Exercise: In the copy, include no pictures. Reproduce the rest of the entries exactly.

■ ■ ■ ■

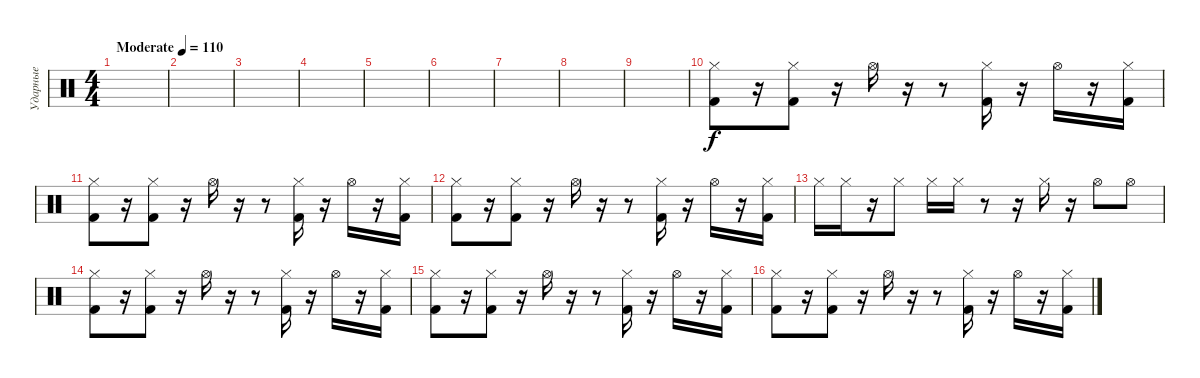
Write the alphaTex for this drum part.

\track ("Ударные" "Ударные") {instrument percussion}
\staff {score}
\articulation defaults
\ts (4 4)
\tempo (110 "Moderate")
\clef neutral
\ks c
|
|
|
|
|
|
|
|
|
("Hi-Hat (closed)" "Kick (hit) 2").8 r.16 ("Hi-Hat (closed)" "Kick (hit) 2").8 r.16 "Hi-Hat (open)".16 r.16 r.8 ("Hi-Hat (closed)" "Kick (hit) 2").16 r.16 "Hi-Hat (open)".16 r.16 ("Hi-Hat (closed)" "Kick (hit) 2").16 |
("Hi-Hat (closed)" "Kick (hit) 2").8 r.16 ("Hi-Hat (closed)" "Kick (hit) 2").8 r.16 "Hi-Hat (open)".16 r.16 r.8 ("Hi-Hat (closed)" "Kick (hit) 2").16 r.16 "Hi-Hat (open)".16 r.16 ("Hi-Hat (closed)" "Kick (hit) 2").16 |
("Hi-Hat (closed)" "Kick (hit) 2").8 r.16 ("Hi-Hat (closed)" "Kick (hit) 2").8 r.16 "Hi-Hat (open)".16 r.16 r.8 ("Hi-Hat (closed)" "Kick (hit) 2").16 r.16 "Hi-Hat (open)".16 r.16 ("Hi-Hat (closed)" "Kick (hit) 2").16 |
"Hi-Hat (closed)".16 "Hi-Hat (closed)".16 r.16 "Hi-Hat (closed)".8 "Hi-Hat (closed)".16 "Hi-Hat (closed)".16 r.8 r.16 "Hi-Hat (closed)".16 r.16 "Hi-Hat (open)".8 "Hi-Hat (open)".8 |
("Hi-Hat (closed)" "Kick (hit) 2").8 r.16 ("Hi-Hat (closed)" "Kick (hit) 2").8 r.16 "Hi-Hat (open)".16 r.16 r.8 ("Hi-Hat (closed)" "Kick (hit) 2").16 r.16 "Hi-Hat (open)".16 r.16 ("Hi-Hat (closed)" "Kick (hit) 2").16 |
("Hi-Hat (closed)" "Kick (hit) 2").8 r.16 ("Hi-Hat (closed)" "Kick (hit) 2").8 r.16 "Hi-Hat (open)".16 r.16 r.8 ("Hi-Hat (closed)" "Kick (hit) 2").16 r.16 "Hi-Hat (open)".16 r.16 ("Hi-Hat (closed)" "Kick (hit) 2").16 |
("Hi-Hat (closed)" "Kick (hit) 2").8 r.16 ("Hi-Hat (closed)" "Kick (hit) 2").8 r.16 "Hi-Hat (open)".16 r.16 r.8 ("Hi-Hat (closed)" "Kick (hit) 2").16 r.16 "Hi-Hat (open)".16 r.16 ("Hi-Hat (closed)" "Kick (hit) 2").16
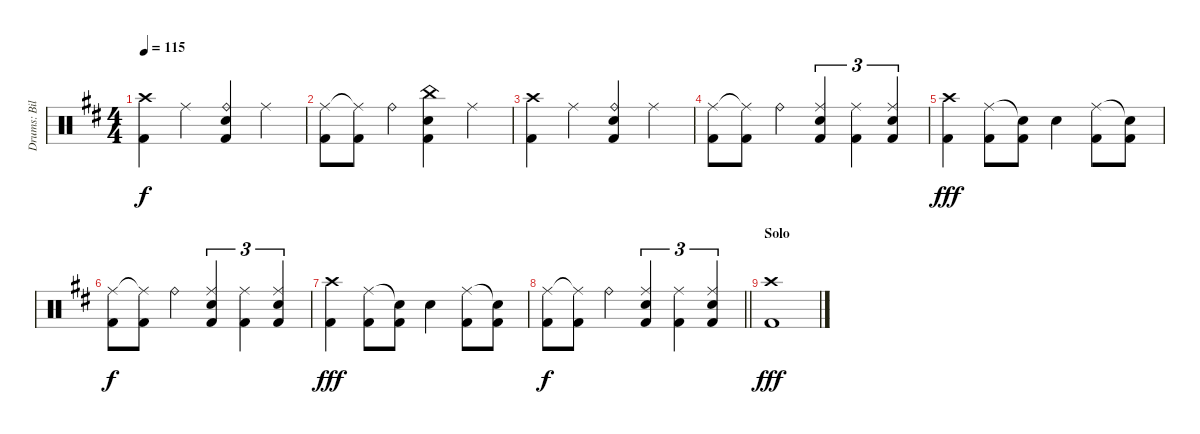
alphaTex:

\track ("Drums: Bill" "Drums: Bil") {instrument percussion}
\staff {score}
\articulation defaults
\ts (4 4)
\tempo 115
\clef neutral
\ks d
("Crash high (hit)" "Kick (hit) 2").4{dy f} "Ride (middle)".4 ("Ride (bell)" "Snare (hit) 2" "Kick (hit) 2").4 "Ride (middle)".4 |
("Ride (middle)" "Kick (hit) 2").8 ("Ride (middle)"{t} "Kick (hit) 2").8 "Ride (bell)".4 ("China (hit)" "Snare (hit) 2" "Kick (hit) 2").4 "Ride (middle)".4 |
("Crash high (hit)" "Kick (hit) 2").4 "Ride (middle)".4 ("Ride (bell)" "Snare (hit) 2" "Kick (hit) 2").4 "Ride (middle)".4 |
("Ride (middle)" "Kick (hit) 2").8 ("Ride (middle)"{t} "Kick (hit) 2").8 "Ride (bell)".4 ("Ride (middle)" "Snare (hit) 2" "Kick (hit) 2").4{tu (3 2)} ("Ride (middle)" "Kick (hit) 2").4{tu (3 2)} ("Ride (middle)" "Snare (hit) 2" "Kick (hit) 2").4{tu (3 2)} |
("Crash high (hit)" "Kick (hit) 2").4{dy fff} ("Ride (middle)" "Kick (hit) 2").8 ("Snare (hit)"{t} "Kick (hit) 2").8 "Snare (hit) 2".4 ("Ride (middle)" "Kick (hit) 2").8 ("Snare (hit)"{t} "Kick (hit) 2").8 |
("Ride (middle)" "Kick (hit) 2").8{dy f} ("Ride (middle)"{t} "Kick (hit) 2").8 "Ride (bell)".4 ("Ride (middle)" "Snare (hit) 2" "Kick (hit) 2").4{tu (3 2)} ("Ride (middle)" "Kick (hit) 2").4{tu (3 2)} ("Ride (middle)" "Snare (hit) 2" "Kick (hit) 2").4{tu (3 2)} |
("Crash high (hit)" "Kick (hit) 2").4{dy fff} ("Ride (middle)" "Kick (hit) 2").8 ("Snare (hit)"{t} "Kick (hit) 2").8 "Snare (hit) 2".4 ("Ride (middle)" "Kick (hit) 2").8 ("Snare (hit)"{t} "Kick (hit) 2").8 |
\barLineRight lightlight
("Ride (middle)" "Kick (hit) 2").8{dy f} ("Ride (middle)"{t} "Kick (hit) 2").8 "Ride (bell)".4 ("Ride (middle)" "Snare (hit) 2" "Kick (hit) 2").4{tu (3 2)} ("Ride (middle)" "Kick (hit) 2").4{tu (3 2)} ("Ride (middle)" "Snare (hit) 2" "Kick (hit) 2").4{tu (3 2)} |
\section ("" "Solo")
("Crash high (hit)" "Kick (hit) 2").1{dy fff}

■ ■ ■ ■

Answer box:
Write the alphaTex for this drum part.

\track ("Ударные" "Ударные") {instrument percussion}
\staff {score}
\articulation defaults
\ts (4 4)
\tempo (110 "Moderate")
\clef neutral
\ks c
|
|
|
|
|
|
|
|
|
("Hi-Hat (closed)" "Kick (hit) 2").8 r.16 ("Hi-Hat (closed)" "Kick (hit) 2").8 r.16 "Hi-Hat (open)".16 r.16 r.8 ("Hi-Hat (closed)" "Kick (hit) 2").16 r.16 "Hi-Hat (open)".16 r.16 ("Hi-Hat (closed)" "Kick (hit) 2").16 |
("Hi-Hat (closed)" "Kick (hit) 2").8 r.16 ("Hi-Hat (closed)" "Kick (hit) 2").8 r.16 "Hi-Hat (open)".16 r.16 r.8 ("Hi-Hat (closed)" "Kick (hit) 2").16 r.16 "Hi-Hat (open)".16 r.16 ("Hi-Hat (closed)" "Kick (hit) 2").16 |
("Hi-Hat (closed)" "Kick (hit) 2").8 r.16 ("Hi-Hat (closed)" "Kick (hit) 2").8 r.16 "Hi-Hat (open)".16 r.16 r.8 ("Hi-Hat (closed)" "Kick (hit) 2").16 r.16 "Hi-Hat (open)".16 r.16 ("Hi-Hat (closed)" "Kick (hit) 2").16 |
"Hi-Hat (closed)".16 "Hi-Hat (closed)".16 r.16 "Hi-Hat (closed)".8 "Hi-Hat (closed)".16 "Hi-Hat (closed)".16 r.8 r.16 "Hi-Hat (closed)".16 r.16 "Hi-Hat (open)".8 "Hi-Hat (open)".8 |
("Hi-Hat (closed)" "Kick (hit) 2").8 r.16 ("Hi-Hat (closed)" "Kick (hit) 2").8 r.16 "Hi-Hat (open)".16 r.16 r.8 ("Hi-Hat (closed)" "Kick (hit) 2").16 r.16 "Hi-Hat (open)".16 r.16 ("Hi-Hat (closed)" "Kick (hit) 2").16 |
("Hi-Hat (closed)" "Kick (hit) 2").8 r.16 ("Hi-Hat (closed)" "Kick (hit) 2").8 r.16 "Hi-Hat (open)".16 r.16 r.8 ("Hi-Hat (closed)" "Kick (hit) 2").16 r.16 "Hi-Hat (open)".16 r.16 ("Hi-Hat (closed)" "Kick (hit) 2").16 |
("Hi-Hat (closed)" "Kick (hit) 2").8 r.16 ("Hi-Hat (closed)" "Kick (hit) 2").8 r.16 "Hi-Hat (open)".16 r.16 r.8 ("Hi-Hat (closed)" "Kick (hit) 2").16 r.16 "Hi-Hat (open)".16 r.16 ("Hi-Hat (closed)" "Kick (hit) 2").16
alphaTex:

\track ("Drums: Bill" "Drums: Bil") {instrument percussion}
\staff {score}
\articulation defaults
\ts (4 4)
\tempo 115
\clef neutral
\ks d
("Crash high (hit)" "Kick (hit) 2").4{dy f} "Ride (middle)".4 ("Ride (bell)" "Snare (hit) 2" "Kick (hit) 2").4 "Ride (middle)".4 |
("Ride (middle)" "Kick (hit) 2").8 ("Ride (middle)"{t} "Kick (hit) 2").8 "Ride (bell)".4 ("China (hit)" "Snare (hit) 2" "Kick (hit) 2").4 "Ride (middle)".4 |
("Crash high (hit)" "Kick (hit) 2").4 "Ride (middle)".4 ("Ride (bell)" "Snare (hit) 2" "Kick (hit) 2").4 "Ride (middle)".4 |
("Ride (middle)" "Kick (hit) 2").8 ("Ride (middle)"{t} "Kick (hit) 2").8 "Ride (bell)".4 ("Ride (middle)" "Snare (hit) 2" "Kick (hit) 2").4{tu (3 2)} ("Ride (middle)" "Kick (hit) 2").4{tu (3 2)} ("Ride (middle)" "Snare (hit) 2" "Kick (hit) 2").4{tu (3 2)} |
("Crash high (hit)" "Kick (hit) 2").4{dy fff} ("Ride (middle)" "Kick (hit) 2").8 ("Snare (hit)"{t} "Kick (hit) 2").8 "Snare (hit) 2".4 ("Ride (middle)" "Kick (hit) 2").8 ("Snare (hit)"{t} "Kick (hit) 2").8 |
("Ride (middle)" "Kick (hit) 2").8{dy f} ("Ride (middle)"{t} "Kick (hit) 2").8 "Ride (bell)".4 ("Ride (middle)" "Snare (hit) 2" "Kick (hit) 2").4{tu (3 2)} ("Ride (middle)" "Kick (hit) 2").4{tu (3 2)} ("Ride (middle)" "Snare (hit) 2" "Kick (hit) 2").4{tu (3 2)} |
("Crash high (hit)" "Kick (hit) 2").4{dy fff} ("Ride (middle)" "Kick (hit) 2").8 ("Snare (hit)"{t} "Kick (hit) 2").8 "Snare (hit) 2".4 ("Ride (middle)" "Kick (hit) 2").8 ("Snare (hit)"{t} "Kick (hit) 2").8 |
\barLineRight lightlight
("Ride (middle)" "Kick (hit) 2").8{dy f} ("Ride (middle)"{t} "Kick (hit) 2").8 "Ride (bell)".4 ("Ride (middle)" "Snare (hit) 2" "Kick (hit) 2").4{tu (3 2)} ("Ride (middle)" "Kick (hit) 2").4{tu (3 2)} ("Ride (middle)" "Snare (hit) 2" "Kick (hit) 2").4{tu (3 2)} |
\section ("" "Solo")
("Crash high (hit)" "Kick (hit) 2").1{dy fff}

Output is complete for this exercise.